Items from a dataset
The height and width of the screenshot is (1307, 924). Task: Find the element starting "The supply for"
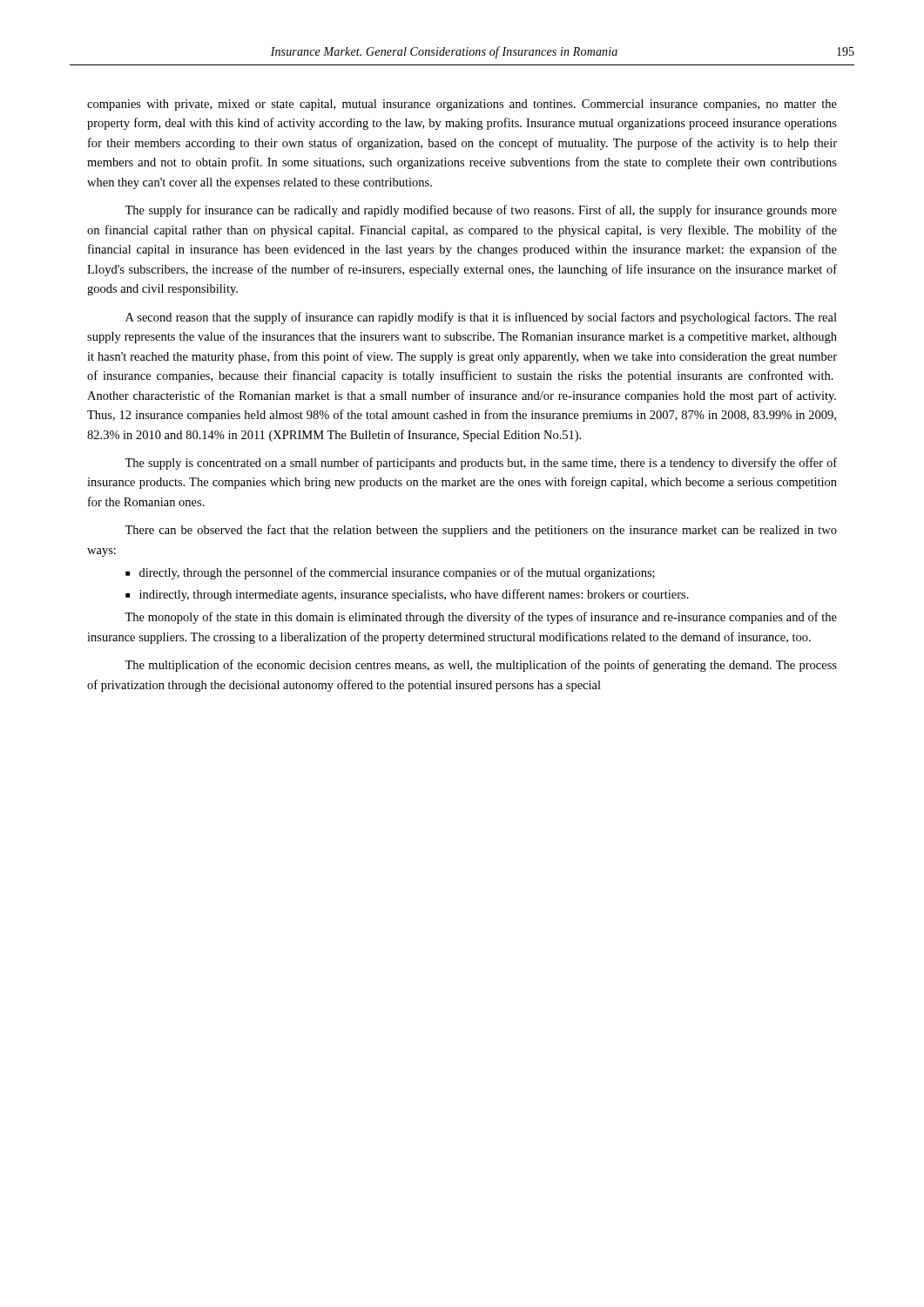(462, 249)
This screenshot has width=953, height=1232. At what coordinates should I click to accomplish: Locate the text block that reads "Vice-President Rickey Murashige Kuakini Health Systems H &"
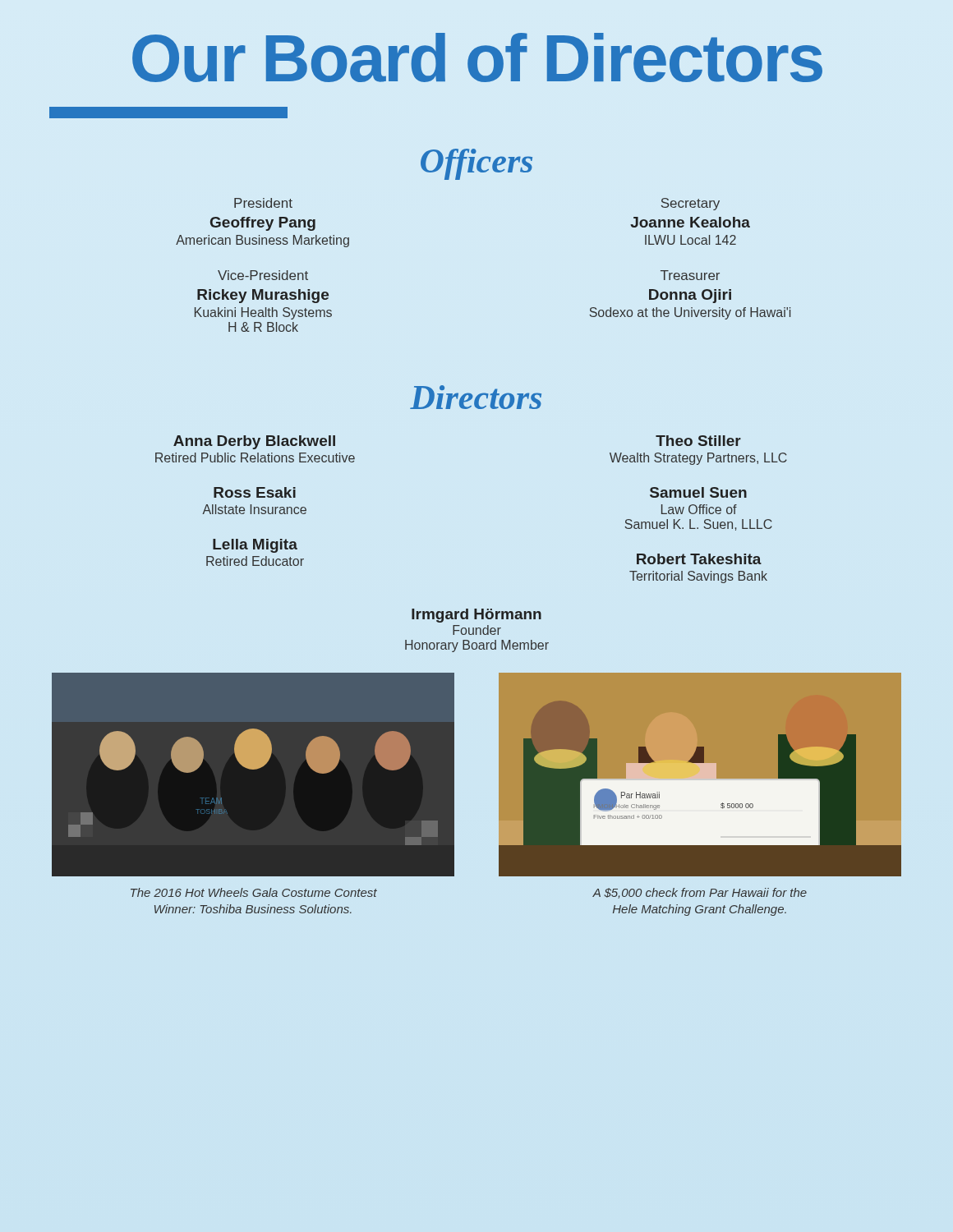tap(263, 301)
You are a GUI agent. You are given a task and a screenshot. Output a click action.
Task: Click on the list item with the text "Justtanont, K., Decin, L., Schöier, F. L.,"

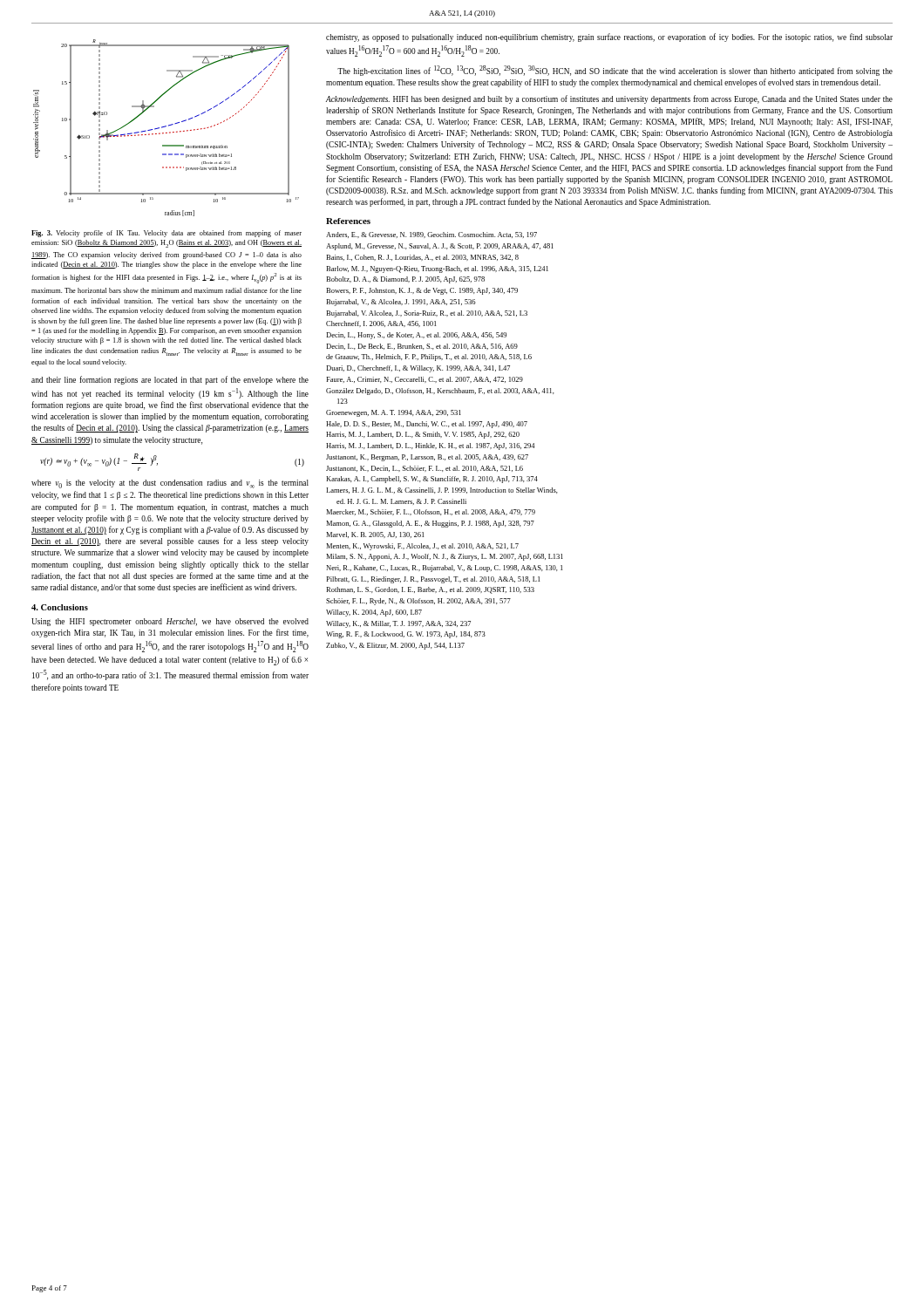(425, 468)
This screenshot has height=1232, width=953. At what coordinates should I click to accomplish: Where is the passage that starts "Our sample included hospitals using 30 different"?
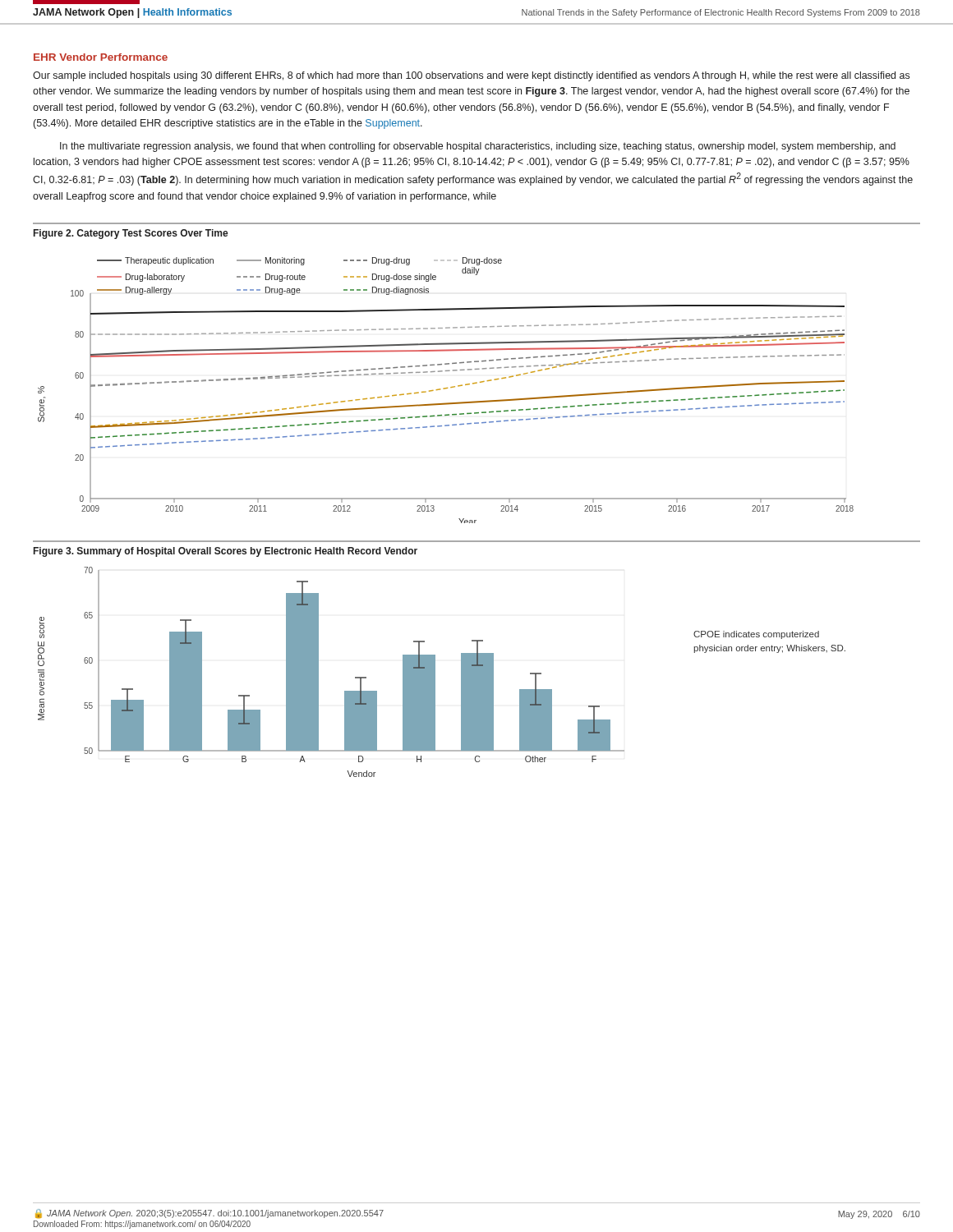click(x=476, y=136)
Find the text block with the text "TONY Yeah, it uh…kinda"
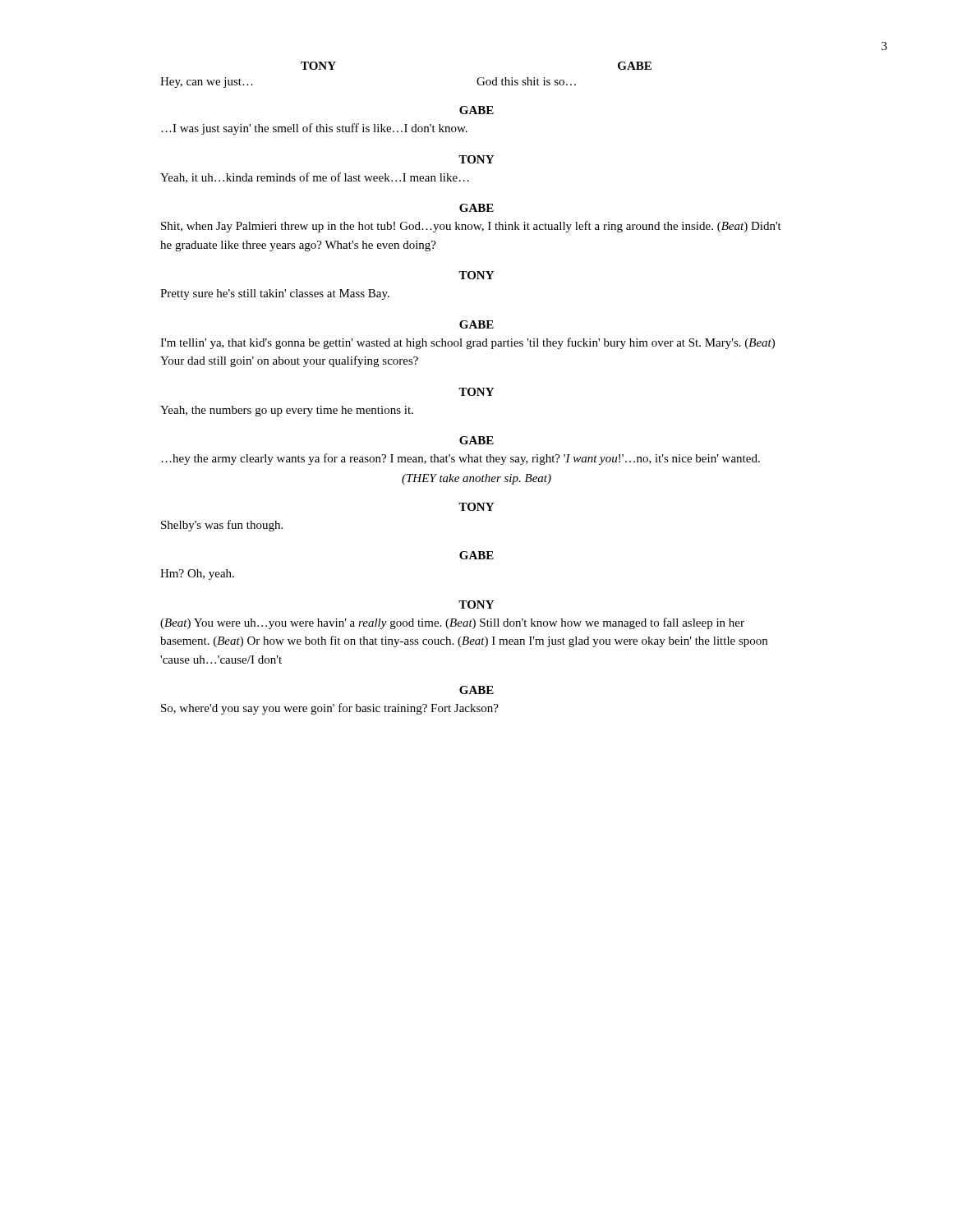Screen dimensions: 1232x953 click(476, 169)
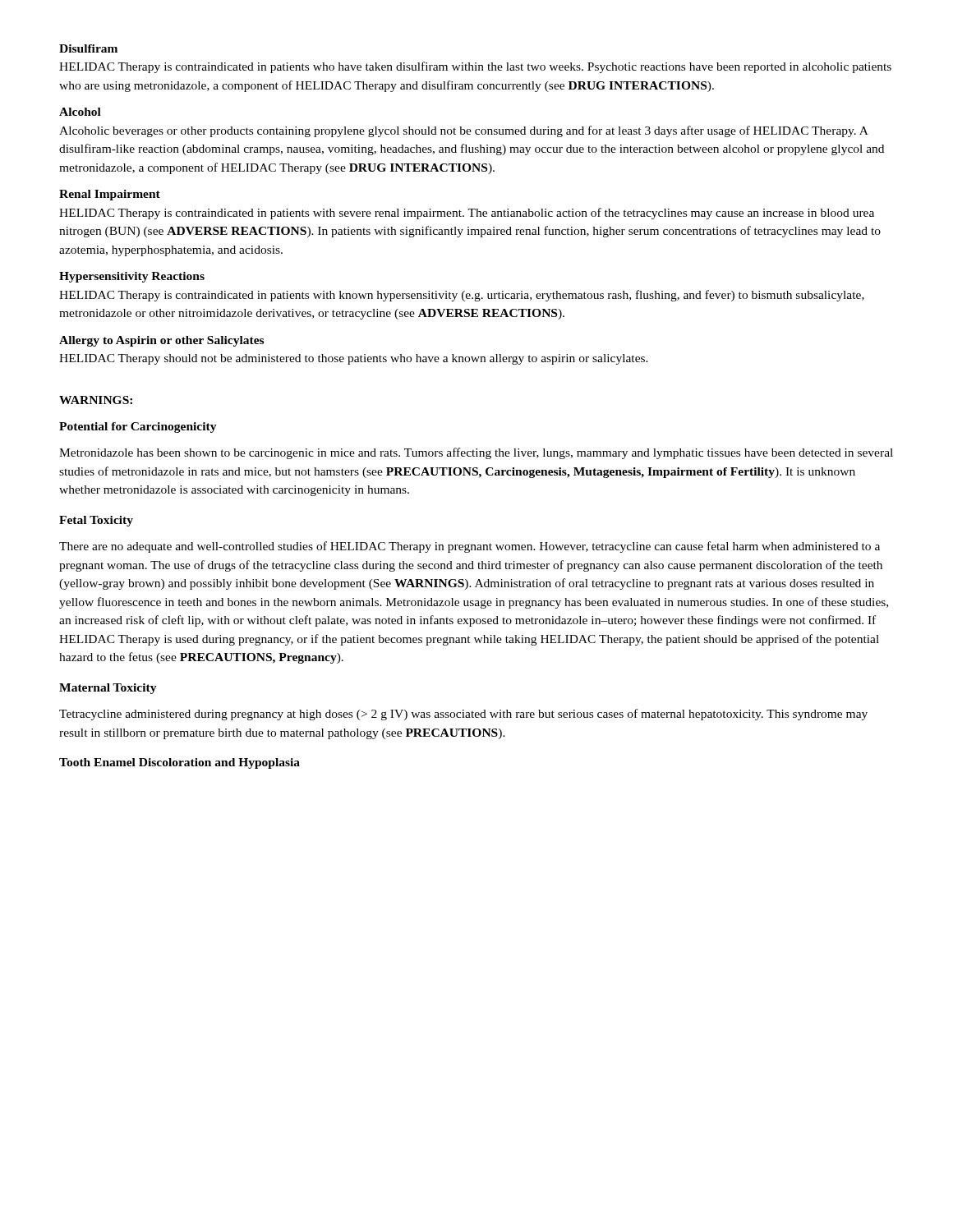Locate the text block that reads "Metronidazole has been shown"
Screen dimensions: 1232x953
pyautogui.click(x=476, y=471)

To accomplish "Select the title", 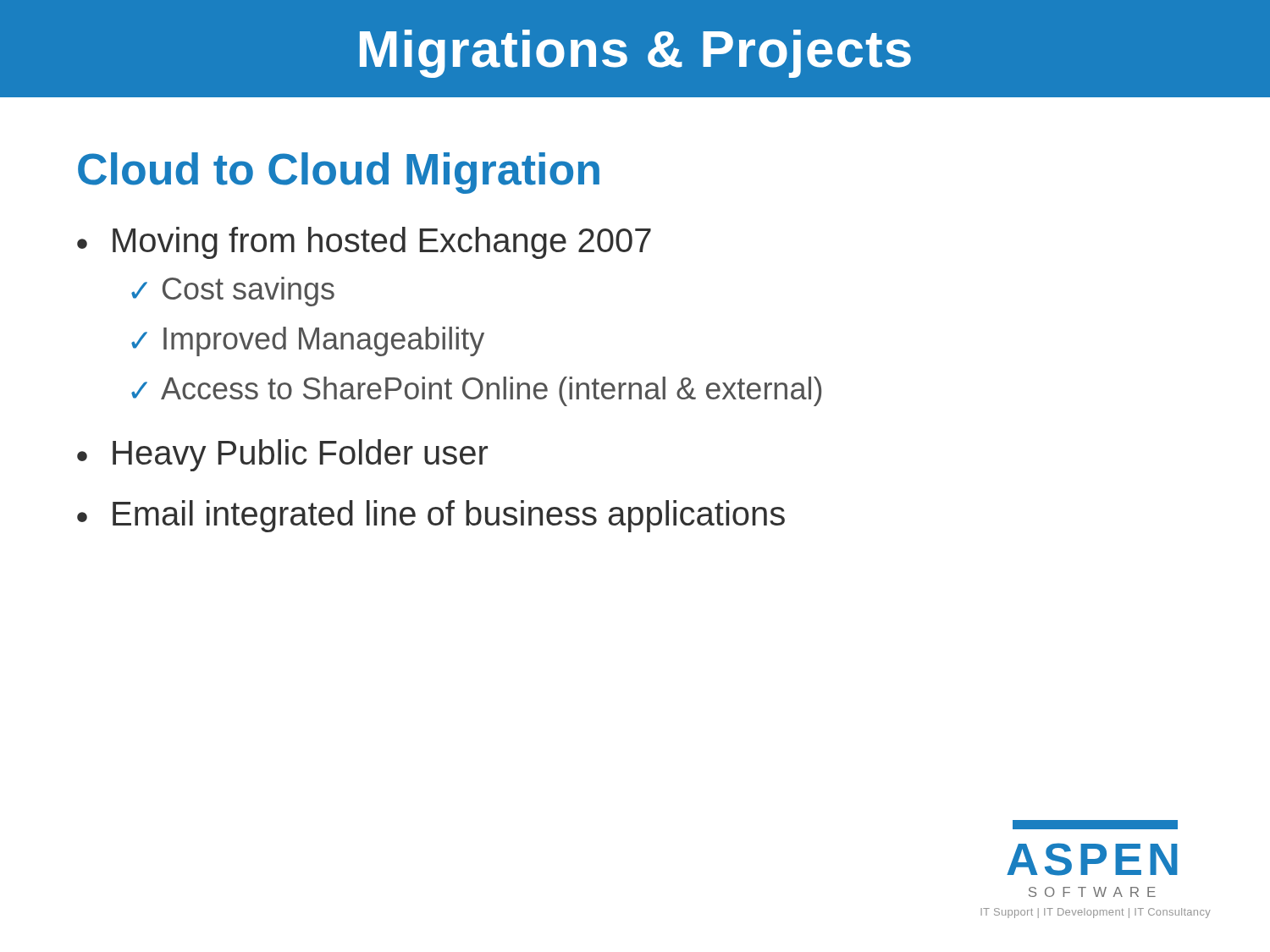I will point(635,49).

# What is required
Give again, word for word, only the lines that run from the top of the data above through the line with "You are a GUI". Drop the pictures.

# The completed task
The height and width of the screenshot is (1307, 924). Task: Find the element starting "The supply for"
(462, 249)
This screenshot has width=953, height=1232. At what coordinates should I click to accomplish: Locate the text block that reads "Vice-President Rickey Murashige Kuakini Health Systems H &"
tap(263, 301)
You are a GUI agent. You are given a task and a screenshot. Output a click action.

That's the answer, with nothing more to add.